To the Bone premieres July 14 on Netflix.

About 10 minutes into Marti Noxon’s eating-disorder drama To the Bone, Ellen (Lily Collins) sneaks away from her overbearing stepmom, Susan (Carrie Preston), to chug warm water from a public-bathroom faucet (a trick to fool the body into thinking it’s full so that it will burn more calories). A fellow “’rexie” bursts into the restroom — they’re at a facility to see if they’re eligible for radical treatment — and questions Ellen: “So you had some crazy fan or something?”

Ellen barely reacts. She flutters her eyes, then lights a cigarette. The “crazy fan,” we find out later, is a young woman who became obsessed with Ellen’s caustic, anorexia-themed artwork on Tumblr and killed herself. This storyline, which is teased out subtly, is an emotional touchstone for Ellen. Collins gets a lot of mileage out of every minute facial movement, and it’s understandable that any real person would be deflective whenever people bring up such a topic, but her flat reactions are not quite dramatically interesting to watch. That’s the problem in a nutshell with this startlingly authentic film about a young woman’s long road to recovery: Ellen is a character who literally wants to disappear from her own story.

The few times we see her really react are when she’s trading jabs with her stepmother’s Latina housekeeper (Joanna Sanchez) or her earnest stepsister, Kelly (Liana Liberato). The latter is but a teen yet a saving grace of sanity, the only one who can tell Ellen that she wants her to live without it sounding like a selfish request. Otherwise, Ellen’s stuck with her mom (Lili Taylor) and mom’s wife, Olive (Brooke Smith), who are prone to hysterics and can’t seem to stop arguing with Susan long enough to focus their attention on the girl vanishing before them.

When Ellen is in treatment in a tough-love group home, she becomes even more passive.

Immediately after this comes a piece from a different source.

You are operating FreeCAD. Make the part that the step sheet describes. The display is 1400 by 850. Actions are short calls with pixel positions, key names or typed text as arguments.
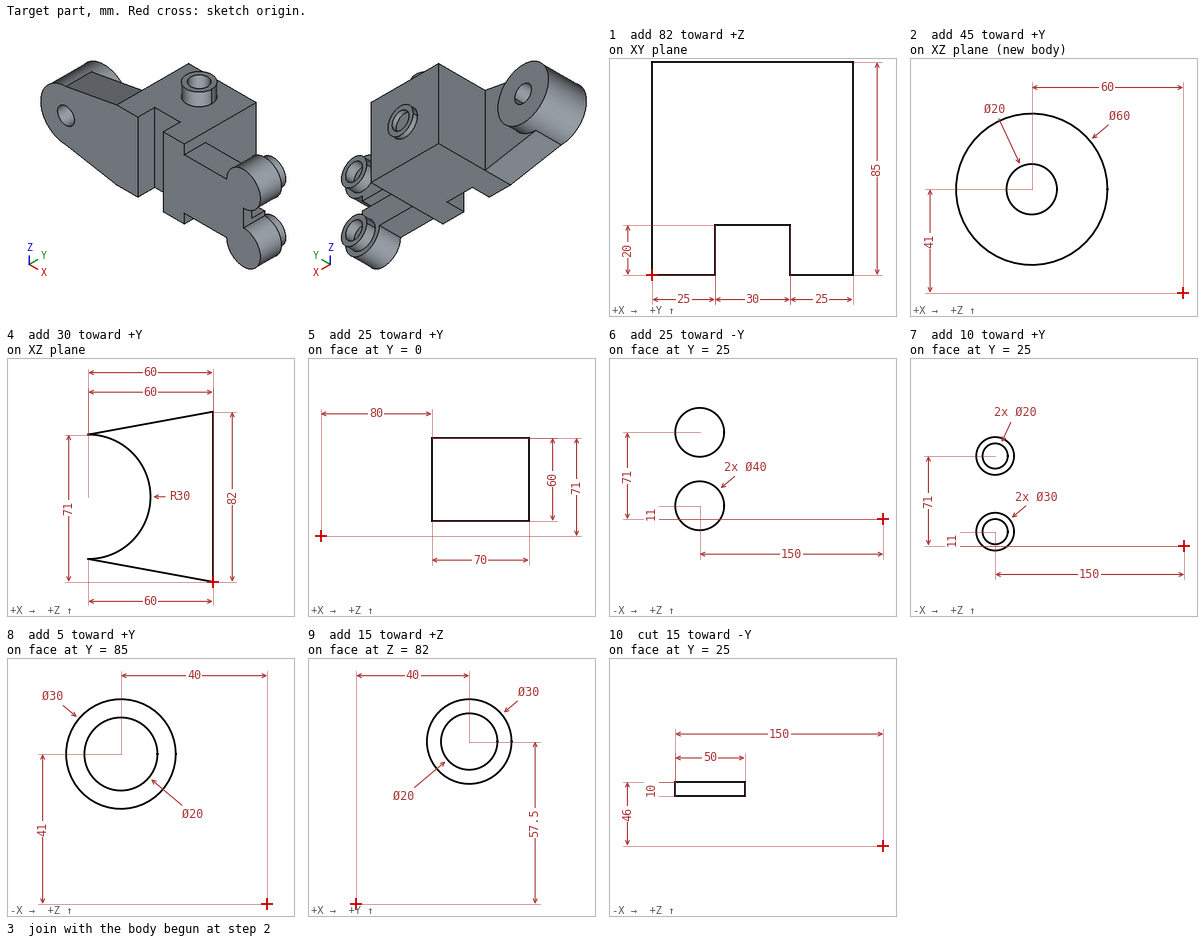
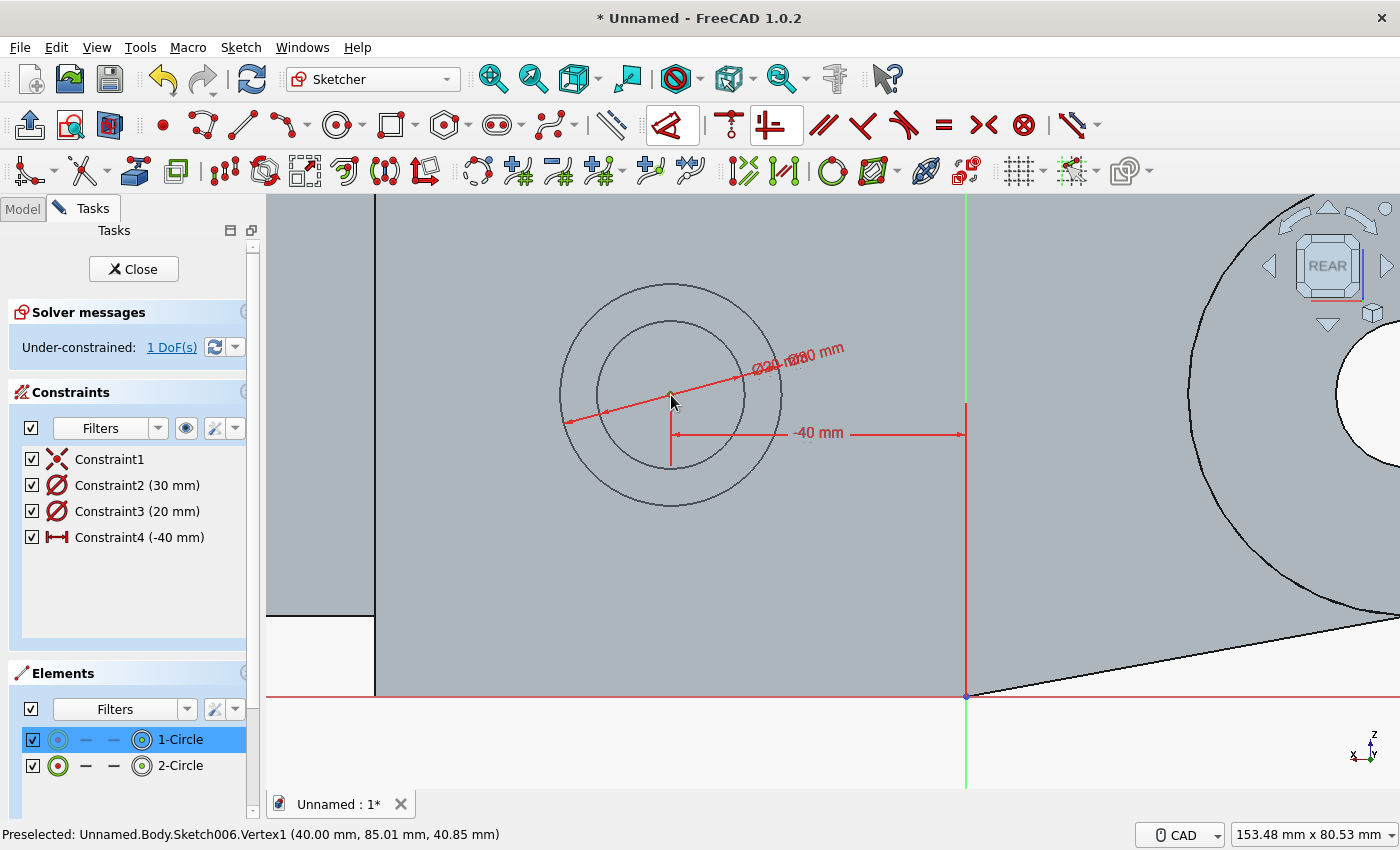
key(i)

She’s surrounded by bigger personalities, such as the unicorn-obsessed, infantile Pearl (Maya Eshet), who’s so sick she has to be fed through a tube. But Luke (Alex Sharp), a former British ballet wunderkind prone to theatrical outbursts of jazz standards, is the biggest of all.

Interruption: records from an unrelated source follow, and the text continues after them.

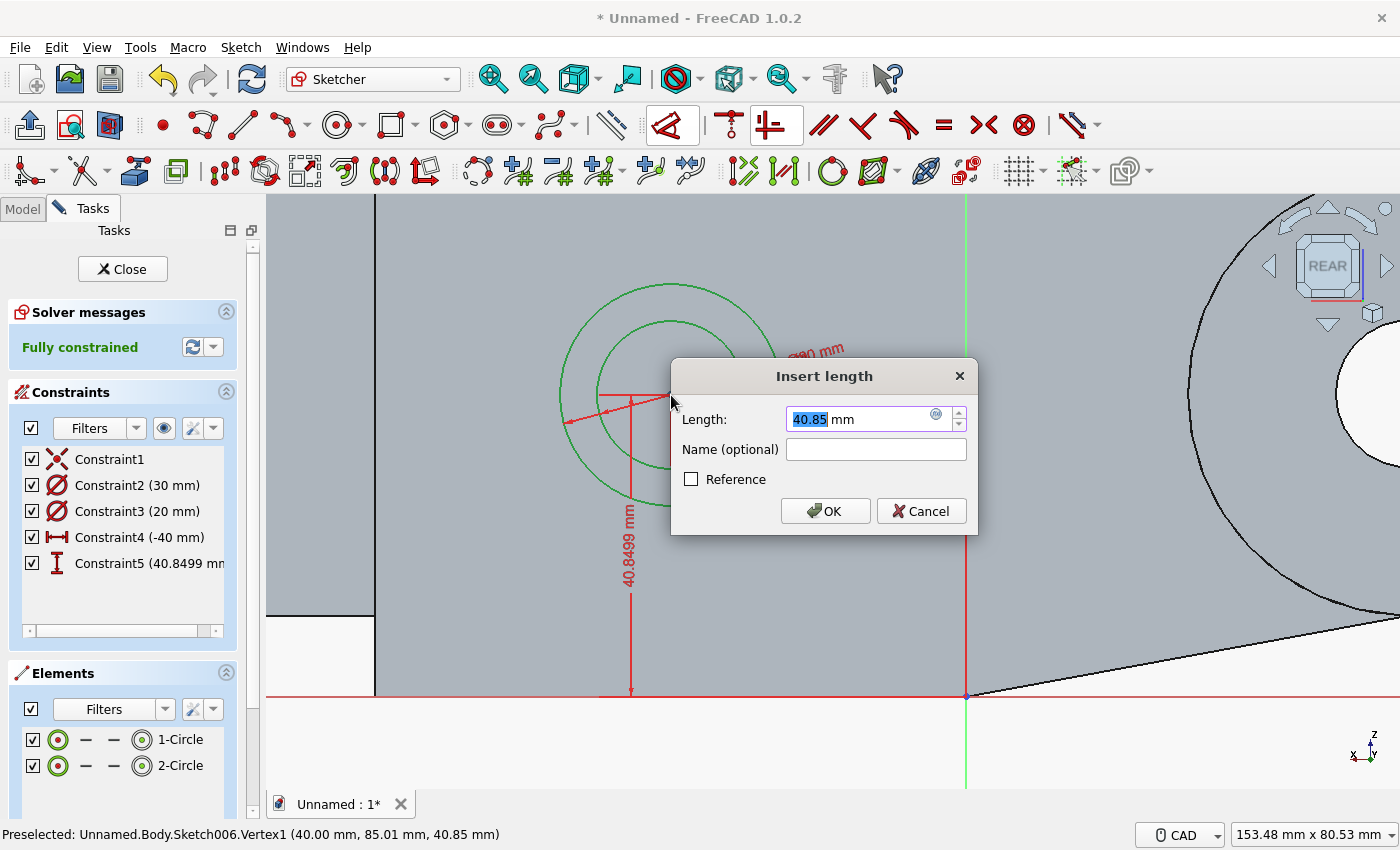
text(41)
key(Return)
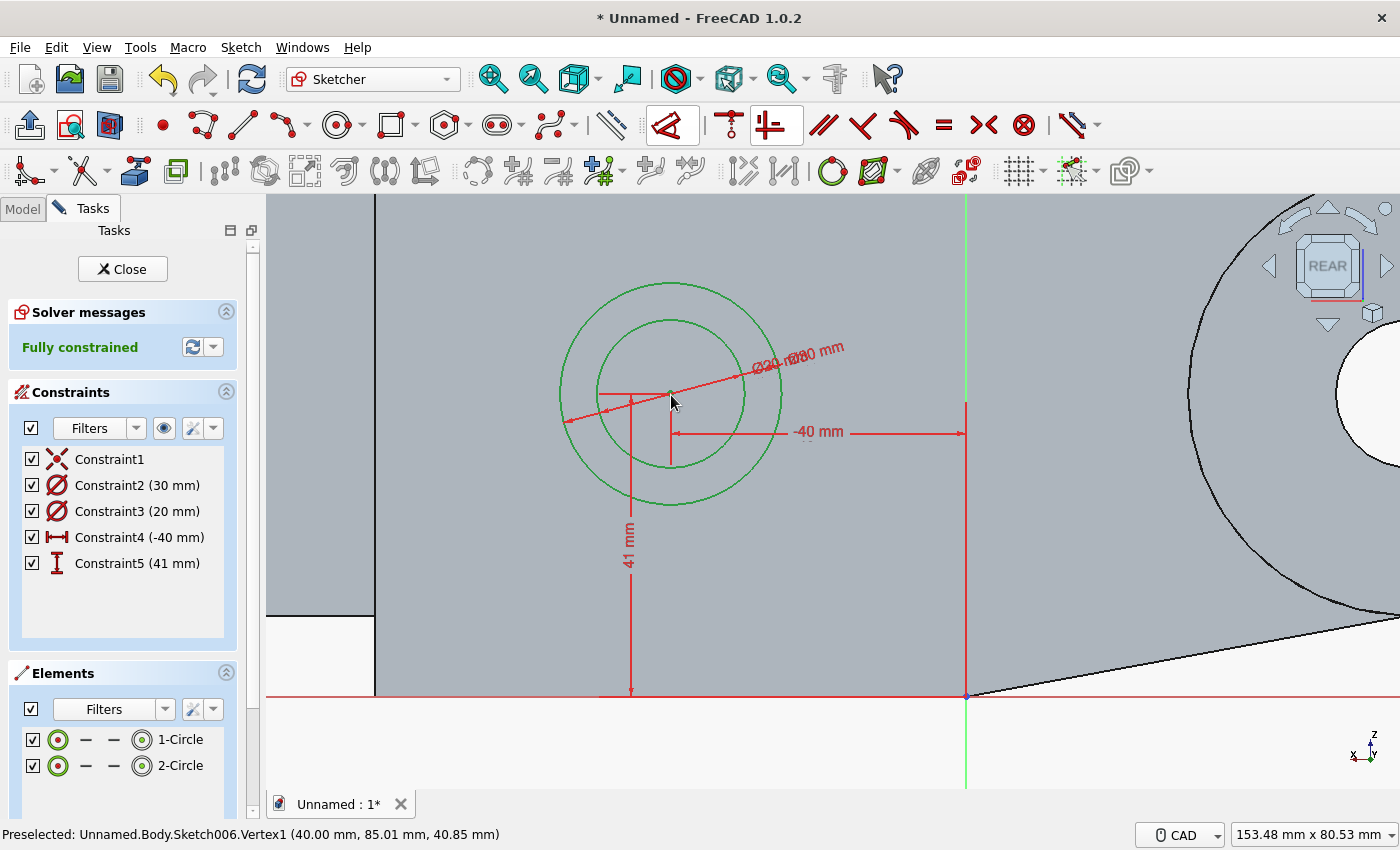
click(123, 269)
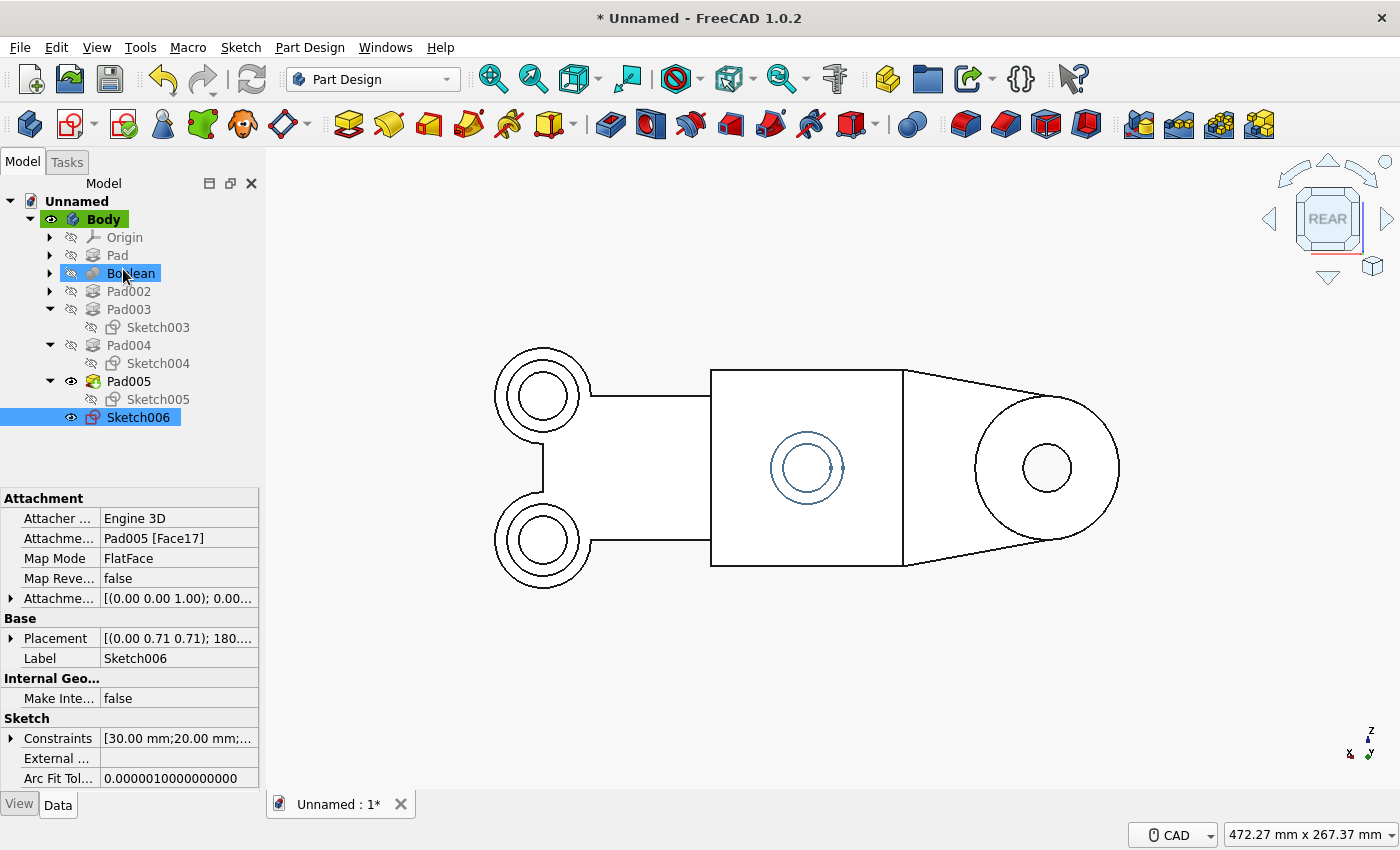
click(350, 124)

Luke is at first annoying, citing Raymond Chandler as his “muse,” carrying a copy of Jonathan Gold’s Counter Intelligence around like a Bible. But as Noxon turns her focus to Luke’s burgeoning friendship with Ellen, he becomes a full and fleshy character and role model, not just for Ellen but for the viewer. He’s positive. He believes he can recover. His humor is not used as a defense mechanism. As the most charismatic person in the story, one who slowly but steadily recovers, Luke functions to romanticize getting well, not staying sick.

Noxon has said that this story is loosely based on her own experience with eating disorders, and her film is infused with some stark and horrific truths — the frank talk about calories, about the bingeing and purging. (“Ice cream’s my favorite. It comes up easiest.”) But accurate portrayals of disorders and mental illness may be at odds with the demands of Hollywood: Movies star beautiful people, speaking lines that are better than what we hear in real life, inherently romanticizing the affliction being portrayed. The evidence here suggests that “accurate” and “entertaining” may be mutually exclusive. Still, though To the Bone isn’t quite enjoyable to watch, it’s acted well and is, in its depiction of this all-too-pervasive disorder, essential.